Is the F test significant in our case?

#Le F nous donne un p <0.05 donc c'est significatif

Make sure your data meet the assumptions: We can use R to check that our data meet the four main assumptions for linear regression. This can be done only after the model conructiion as we will see.

Check main assumptions for linear regression using plots seen in the course.
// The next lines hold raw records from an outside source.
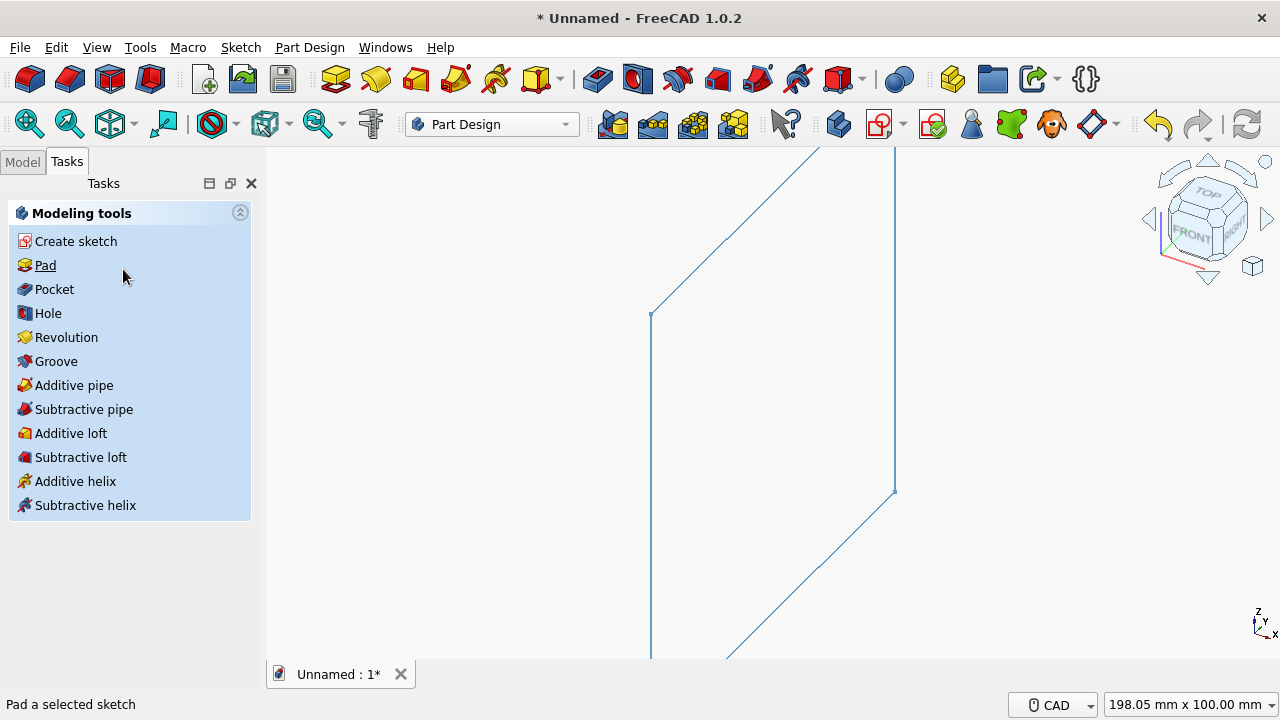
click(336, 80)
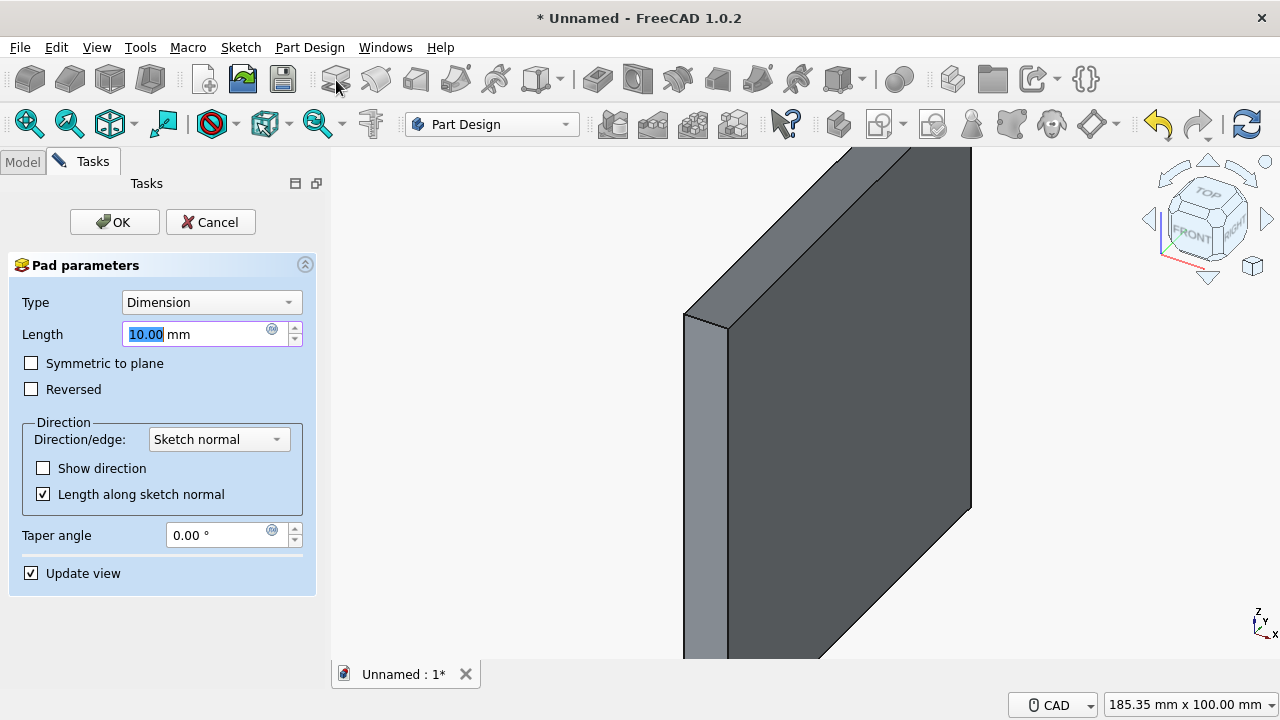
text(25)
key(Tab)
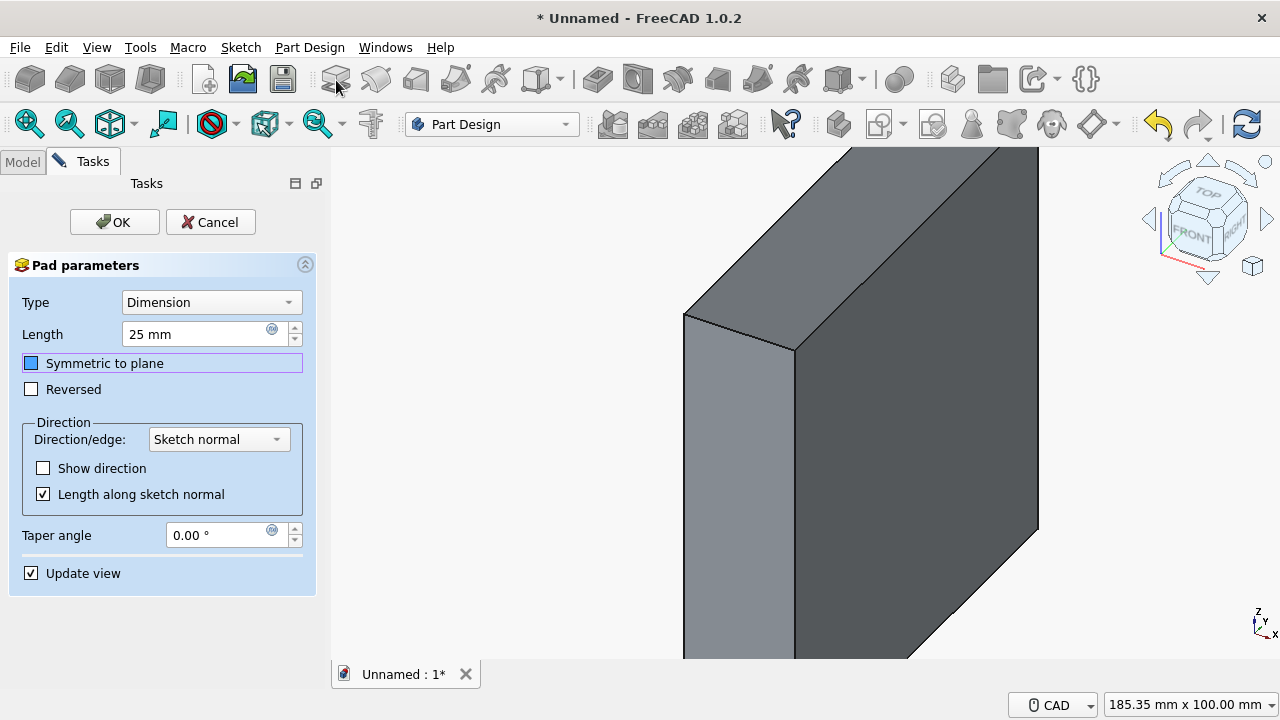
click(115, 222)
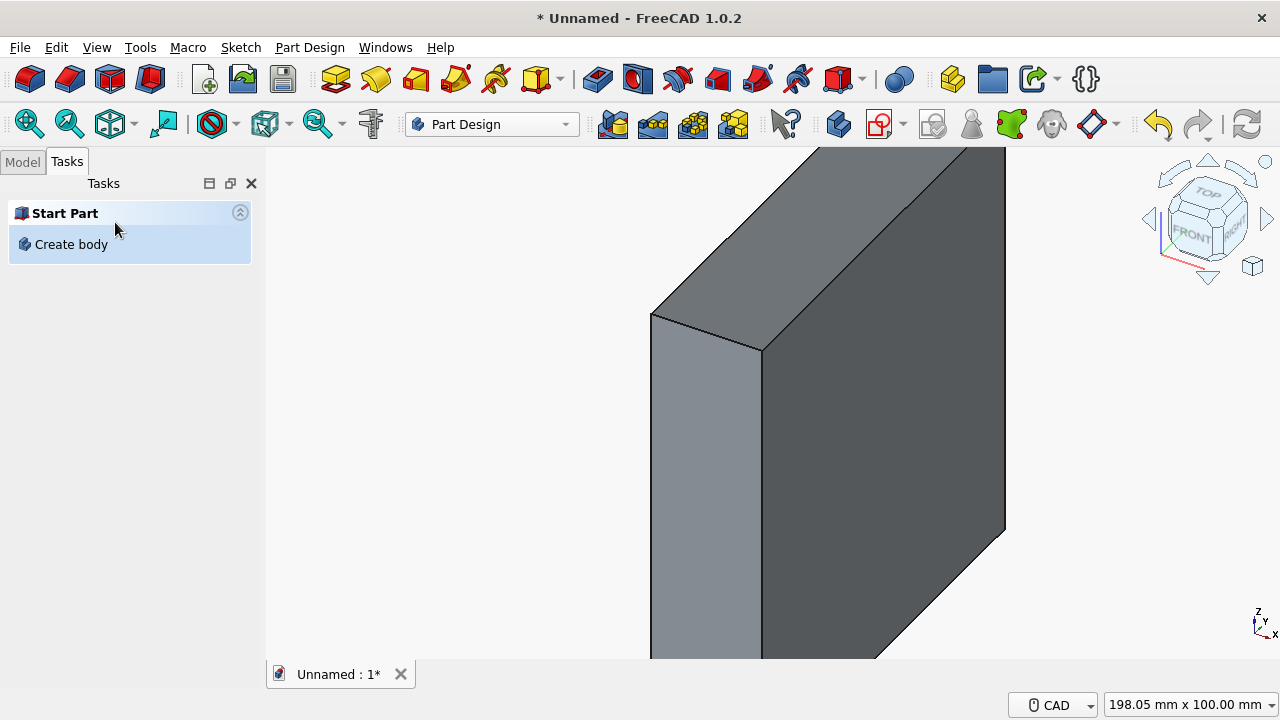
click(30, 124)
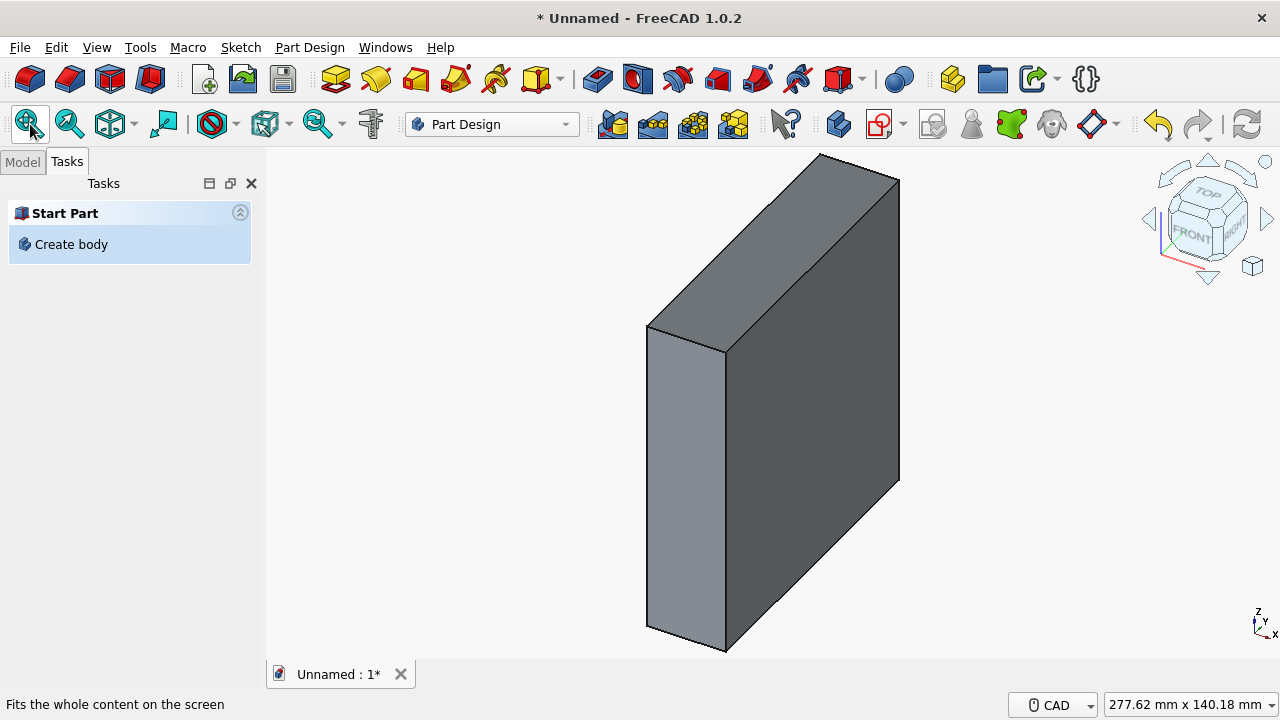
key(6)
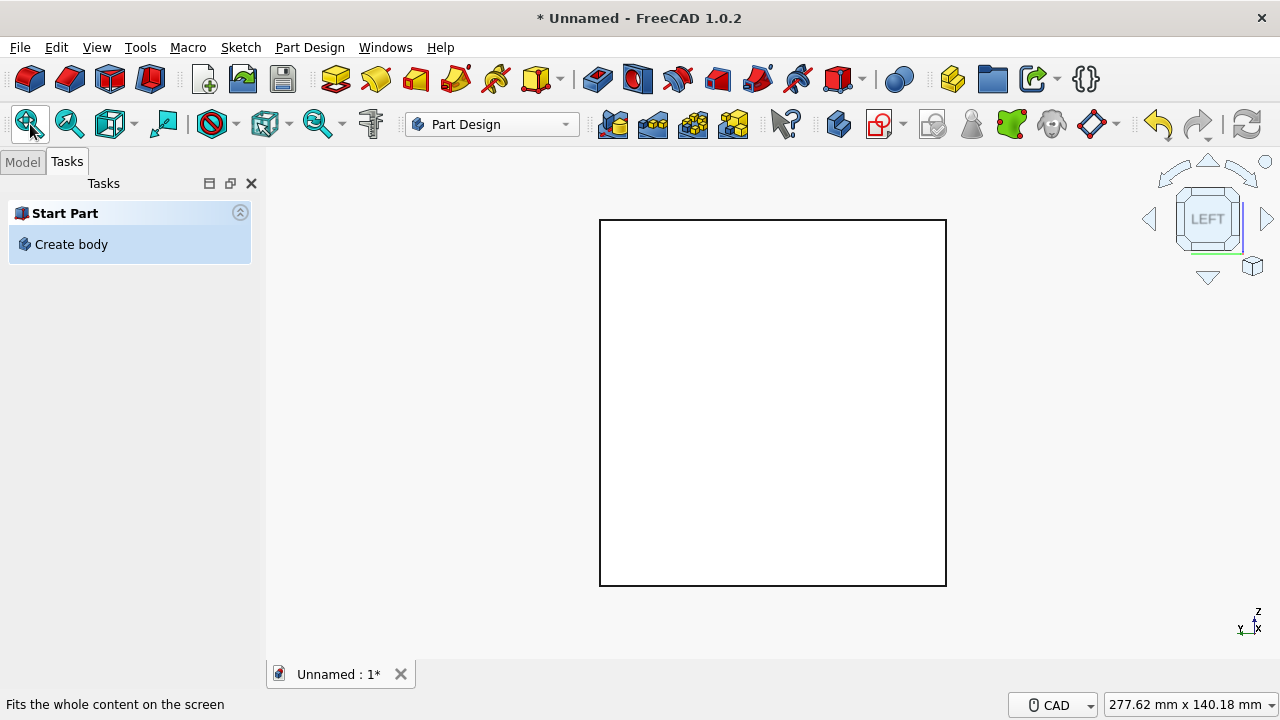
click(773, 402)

Recall that they may summurised by : residuals need to be normal, independent and have same variance and (X,y) need to have good linear corrlation.

#There is 4 main assumptions:
#Linearity, Homoscedasticity, Independenc, Normality
res = resid(model)
plot(fitted(model),res)
abline(0,0)

qqnorm(res)
qqline(res)

plot(density(res))

Give an interpretation of the Residuals vs. Leverage Plot.

plot(model)

#A residuals vs. leverage plot is a type of diagnostic plot that allows us to identify influential observations in a regression model.Each observation from the dataset is shown as a single point within the plot. The x-axis shows the leverage of each point and the y-axis shows the standardized residual of each point.